The Classifier360 classification techniques are characterized as:

  • User-Driven Classification - Users are empowered to make business-centric classification decisions
  • Recommended Classification - Rules are used to propose a classification to the user, based upon attributes of the user and the data, such as the data type, metadata and content
  • Prescribed Classification - Data is automatically classified without user involvement, either dynamically at the point of creation or in-transit, as well as retrospectively by using Discovery and Search tools
  • User-Endorsed Classification - Supplements any of the other classification techniques by applying classification labels that require additional user endorsement before being regarded as authoritative

The manner in which you combine these techniques is driven by the needs of your business and its users.

Underpinning the successful delivery of Classifier360 is the Classifier Platform which offers unique integration and extensibility possibilities for Classifier customers and partners.

In addition, individual Classifier products augment the Classifier Platform to further expand the range of classification techniques available to your business.

User-Driven Classification

Most of the Classifier products enhance the primary productivity tools and collaborative platforms used by your staff on a daily basis. As such these products directly support users in the process of classifying the data that they generate and manage. The user’s insight and understanding of the true context and meaning of this data are accurately captured and utilized to ensure the data is correctly safeguarded.

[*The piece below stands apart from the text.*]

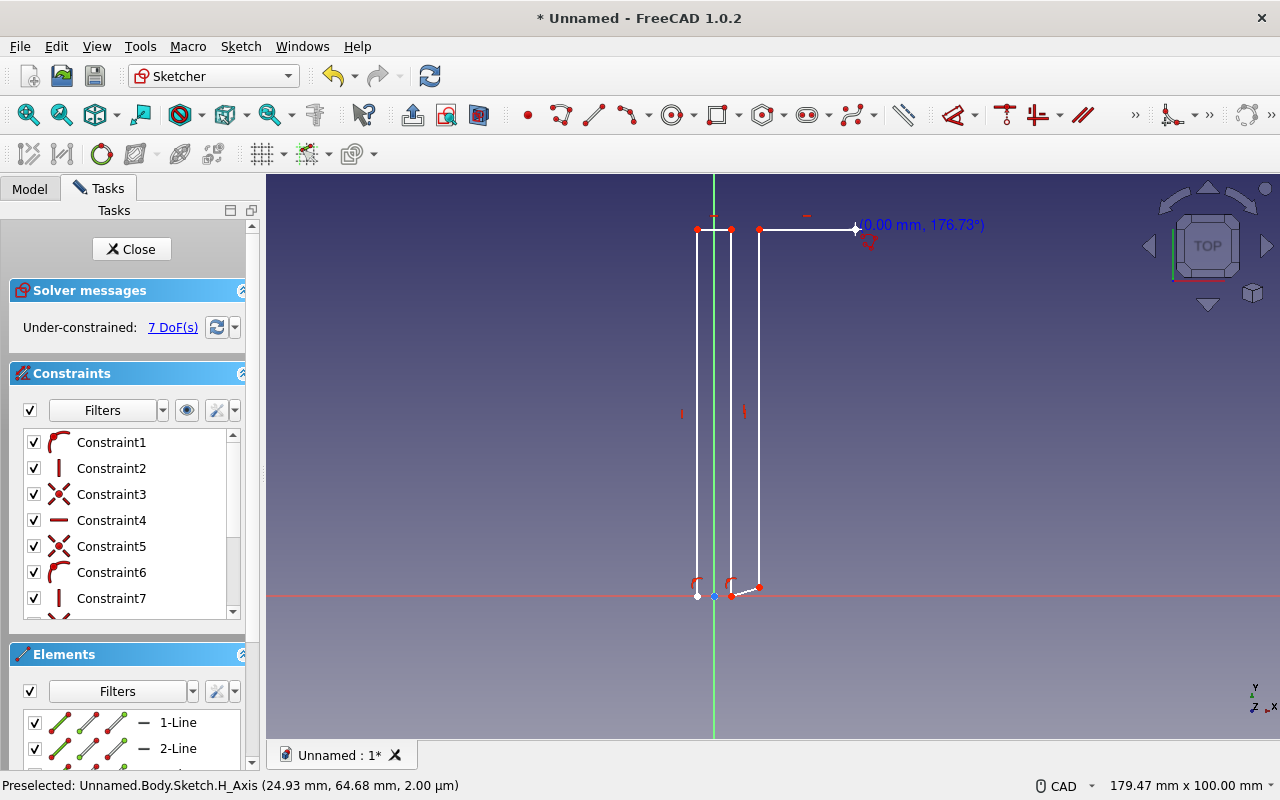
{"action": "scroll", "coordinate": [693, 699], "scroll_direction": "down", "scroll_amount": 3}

That insight would normally be gathered via the user’s decision as to the most appropriate classification. However, there are situations where the user can be assisted in that decision process by involving the rule-based and automated techniques of Recommended or Prescribed Classification.

Recommended Classification

Recommended Classification provides an “intelligent” means of offering a default classification to the user where the material is otherwise unlabeled.

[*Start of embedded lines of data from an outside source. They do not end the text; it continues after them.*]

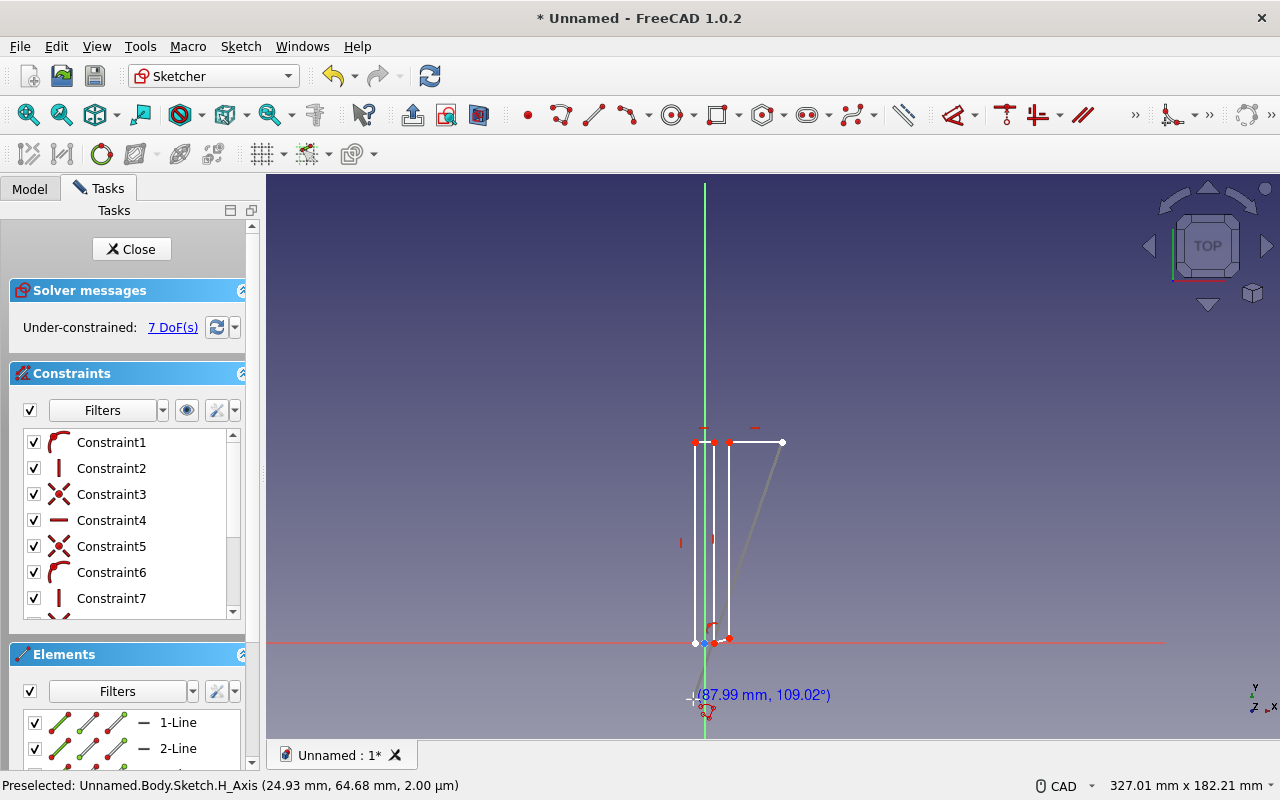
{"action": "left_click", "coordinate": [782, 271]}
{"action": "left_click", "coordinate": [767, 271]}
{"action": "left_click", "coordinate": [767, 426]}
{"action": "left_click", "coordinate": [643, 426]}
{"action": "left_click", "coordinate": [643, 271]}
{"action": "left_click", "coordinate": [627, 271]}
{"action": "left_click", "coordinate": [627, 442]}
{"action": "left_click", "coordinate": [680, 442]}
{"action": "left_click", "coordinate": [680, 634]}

A range of contextual and content criteria can be used to offer a suitable default classification or to guide the user when classifying new material:

  • Identity - or internal users their identity or membership can be utilized in assigning an initial classification, similarly the identity of external users can be used, for example when receiving external email
  • Data Type - the type of data can be used in determining the classification, for example to distinguish an email from a document or file
  • Attributes & Metadata - many data types will have attributes or metadata that can be used to derive a default classification
  • Keywords, Expression, Patterns, Algorithms - the content of textual material can be used to guide the user in assigning an appropriate classification

Prescribed Classification

Using Prescribed Classification, data is automatically classified without direct user involvement. This may take place dynamically at the point of creation or in-transit, as well as retrospectively by using Discovery and Search tools or custom scripts and processes.

Classifier products and tools can be used to automatically classify data at the point of creation based on the following contexts:

  • Location - for example, using a particular drive or folder location to determine the classification
  • Data Type - for example, to assign a classification based upon the type of file
  • Attributes - for example, to assign a classification based upon an attribute of the file
  • Source - for example, to assign a file classification based upon the originating application

Similarly data in-transit can be automatically classified based on a variety of factors such as the source and destination context of a message.

Prescribed Classification techniques can also be used to automate the retrospective classification of existing data based upon either the selection rules of third-party Discovery and Search tools, or using the criteria of custom processes and scripts. For example, DLP Discovery agents may be used to locate data of interest and automatically apply classifications as part of their remediation actions.

User-Endorsed Classification

User-Endorsed Classification is a technique unique to Fortra's Classifier Suite and can be combined with any of the other techniques in order to defer final classification decisions to some or all of the user community in special cases. The technique is based upon creating a distinction within the labelling scheme between non-authoritative classifications, which indicate a “proposed” classification, and the authoritative classifications that can only be applied in specific cases by knowledgeable users as part of a defined workflow, for example.

By combining User-Endorsed with Prescribed Classification, a non-authoritative classification may be applied by an automated process such that a user may be guided by that classification, but the user must then apply an authoritative classification in order to officially endorse the classification. This could be for very specific sensitive data, for example highly confidential information which requires a more authoritative decision. A scenario could be where an automated process applies the classification ‘ASSUMEDCONFIDENTIAL’ to a sensitive document such then when a user opens that document they must actively select a replacement classification such as ‘CONFIDENTIAL’.

Similarly when combining User-Endorsed with Recommended Classification, rules are used to assign a default classification that is non-authoritative, requiring the user to then apply their authoritative classification choice – which may endorse or modify the original recommendation.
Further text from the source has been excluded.